Thursday, June 19, 2008

Rule against perpetuities not violated

Houston Court of Appeals considers whether a homeowners' association's right to levy maintenance-fee assessments and to foreclose on a real property lien based upon a members' failure to pay such assessments violates the rule against perpetuities. The court's answer is NO.
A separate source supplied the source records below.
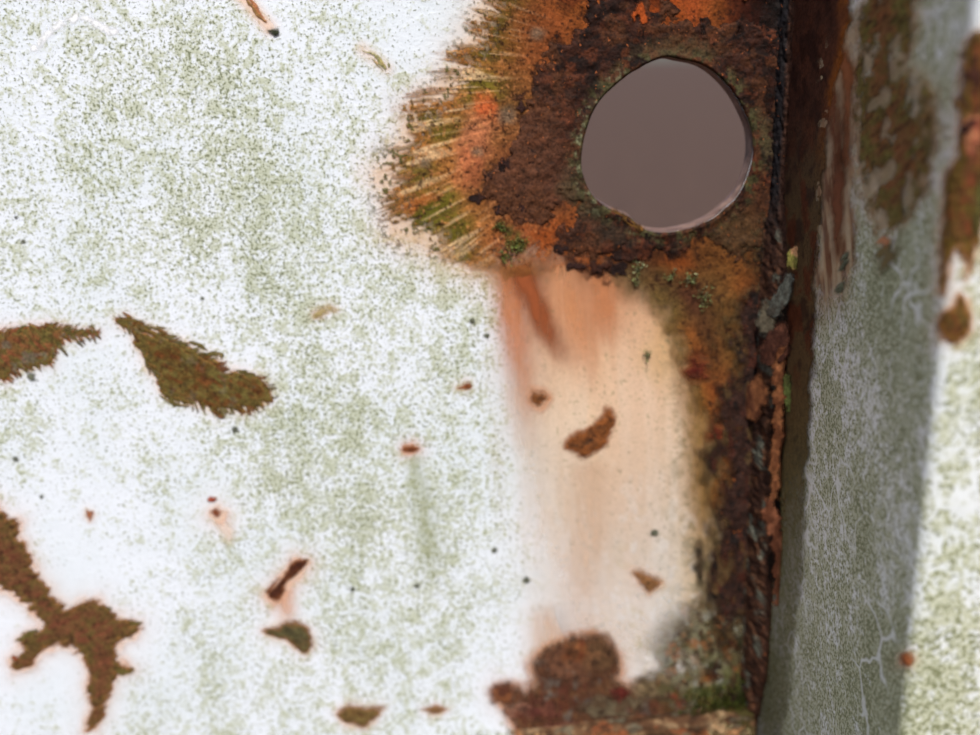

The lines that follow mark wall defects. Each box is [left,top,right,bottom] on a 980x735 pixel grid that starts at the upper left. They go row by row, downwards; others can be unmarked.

rust [246,0,267,22]
rust [371,0,980,707]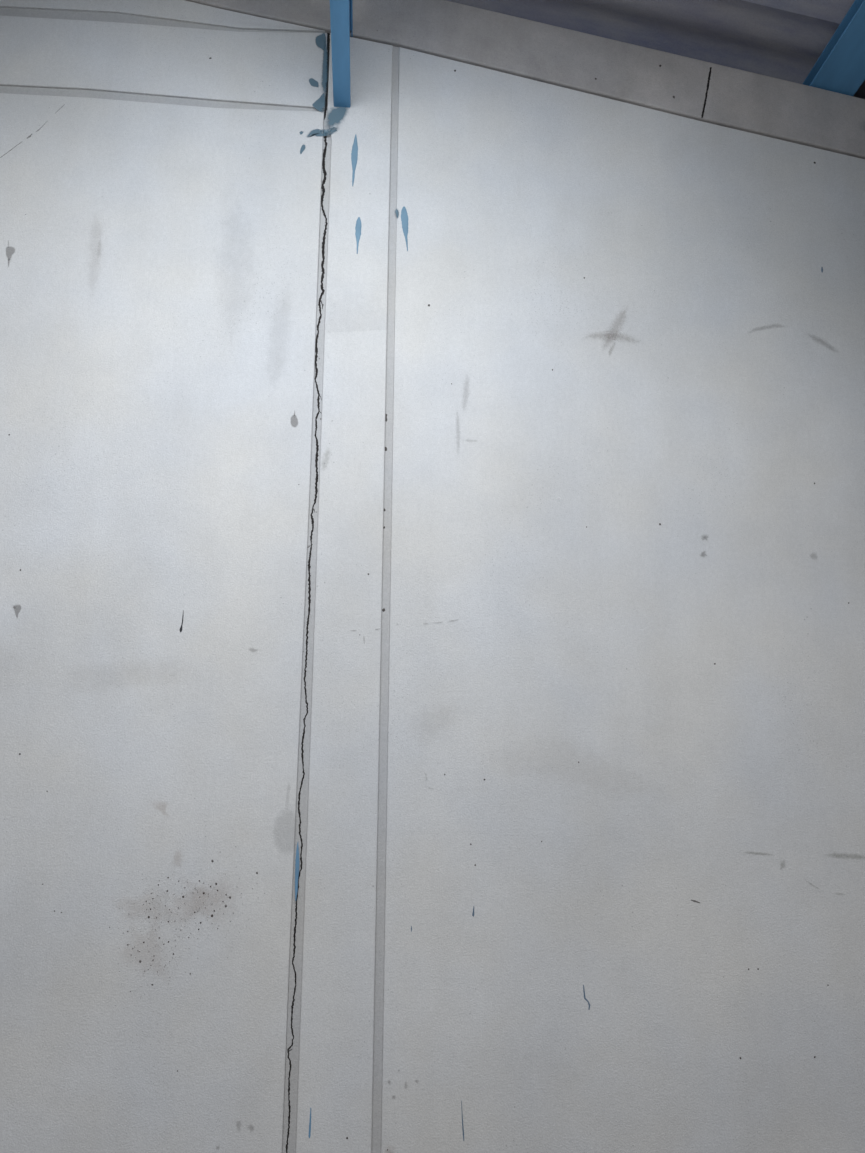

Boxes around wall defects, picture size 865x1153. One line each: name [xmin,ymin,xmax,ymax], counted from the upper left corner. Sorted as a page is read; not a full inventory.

crack [286,33,330,1153]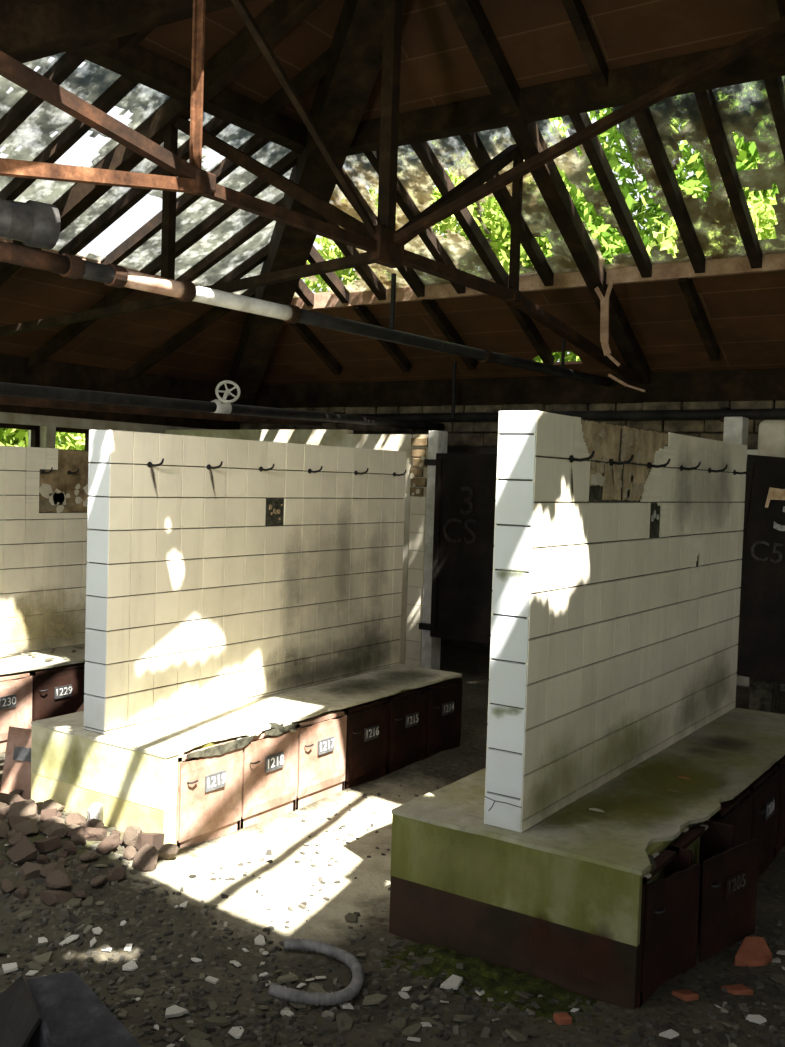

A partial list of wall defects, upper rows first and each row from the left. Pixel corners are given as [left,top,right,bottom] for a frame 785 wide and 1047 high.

spalling [39,449,91,513]
spalling [581,420,668,536]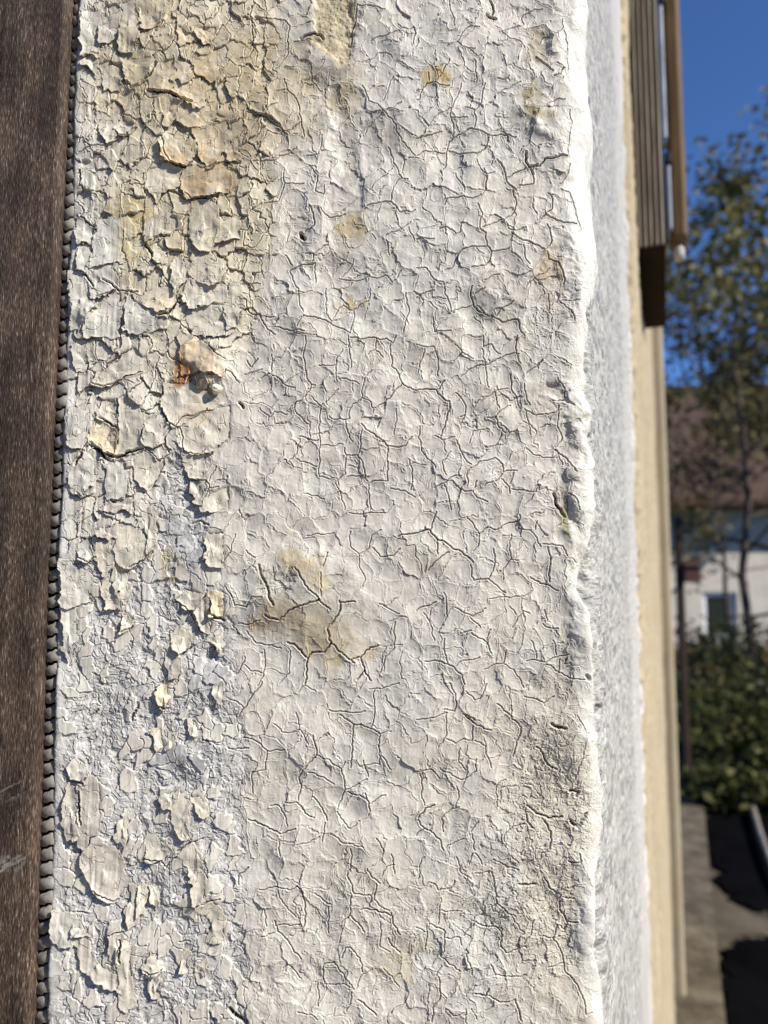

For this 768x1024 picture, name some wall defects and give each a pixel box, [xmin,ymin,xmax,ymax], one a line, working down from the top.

crack [127,65,190,102]
crack [76,443,141,464]
spalling [47,0,249,1024]
crack [96,350,216,524]
corrosion [176,346,207,383]
crack [182,2,578,1021]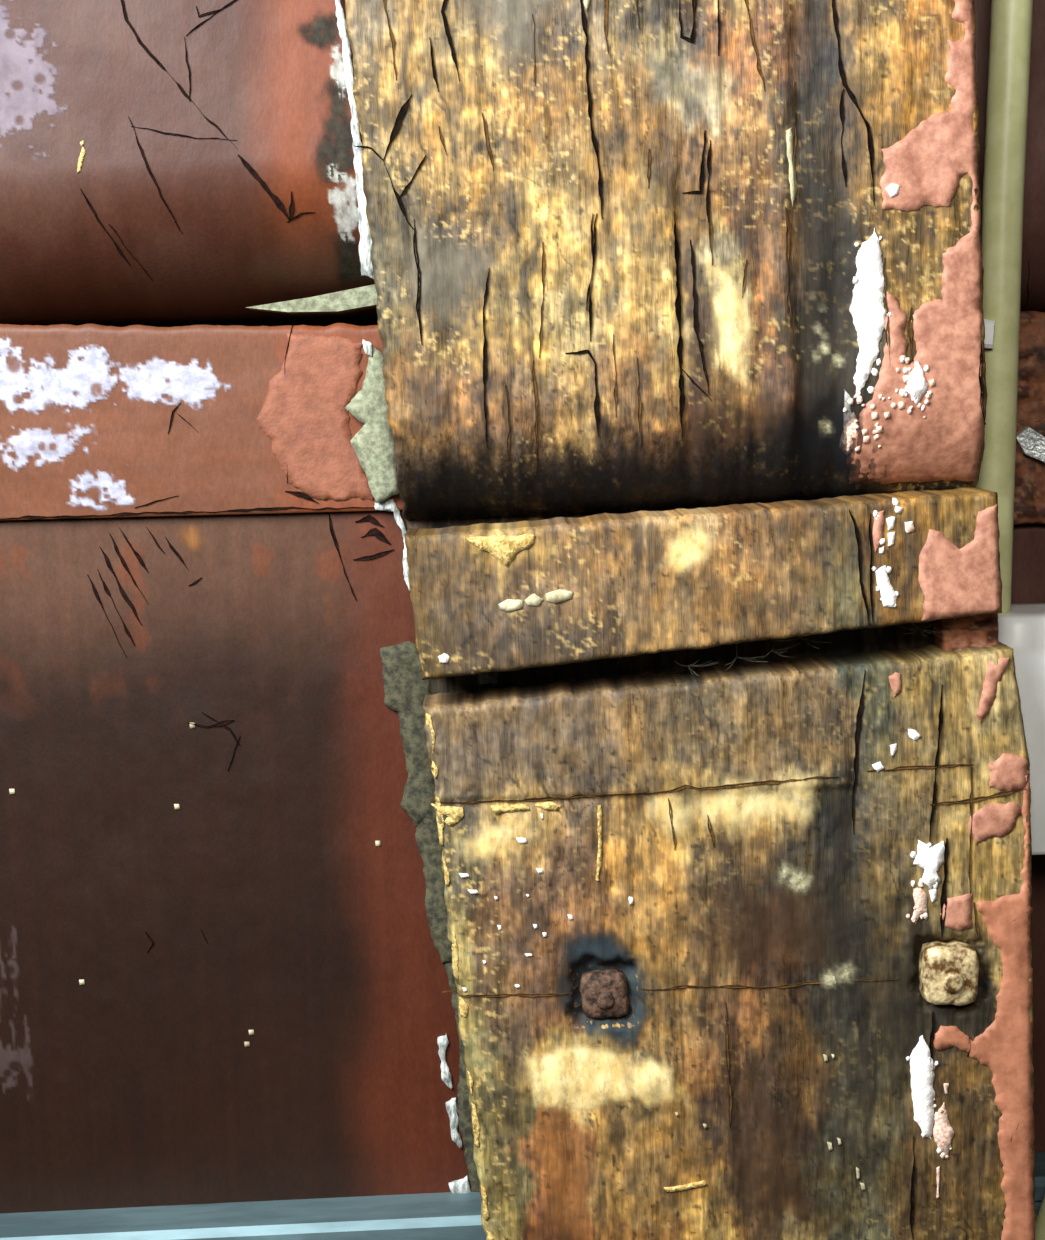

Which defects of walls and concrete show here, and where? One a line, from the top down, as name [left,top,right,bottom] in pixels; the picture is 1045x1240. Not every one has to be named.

peeling [0,426,89,468]
peeling [71,472,133,509]
peeling [0,338,230,413]
crack [6,466,394,658]
crack [120,0,315,233]
crack [354,0,459,345]
crack [482,0,641,472]
crack [674,130,713,429]
crack [832,0,874,204]
peeling [845,0,985,484]
peeling [872,504,1001,621]
peeling [912,753,1036,1240]

Supkins v. Madison Place Homeowners Ass'n
No.01-07-00573-CV (Tex.App.- Houston [1st Dist.] June 19, 2008)(Radack) (homeowner's law, rule against perpetuities not violated)
Opinion by Chief Justice Radack
Panel members: Chief Justice Radack, Justices Jennings and Bland
Case style: James L. Supkis v. Madison Place Homeowners Association, Inc.
Appeal from 133rd District Court of Harris County
Trial Court Judge: Hon. Lamar McCorkle
Disposition: Trial Court's judgment affirmed

MEMORANDUM OPINION [EXCERPT]

B. Rule Against Perpetuities

The Texas Constitution states that "[p]erpetuities . . . are contrary to the genius of a free government, and shall never be allowed." Tex. Const. art. I, § 26. Texas courts have enforced this provision by applying the common-law rule against perpetuities. Mattern v. Herzog, 367 S.W.2d 312, 314 (Tex. 1963).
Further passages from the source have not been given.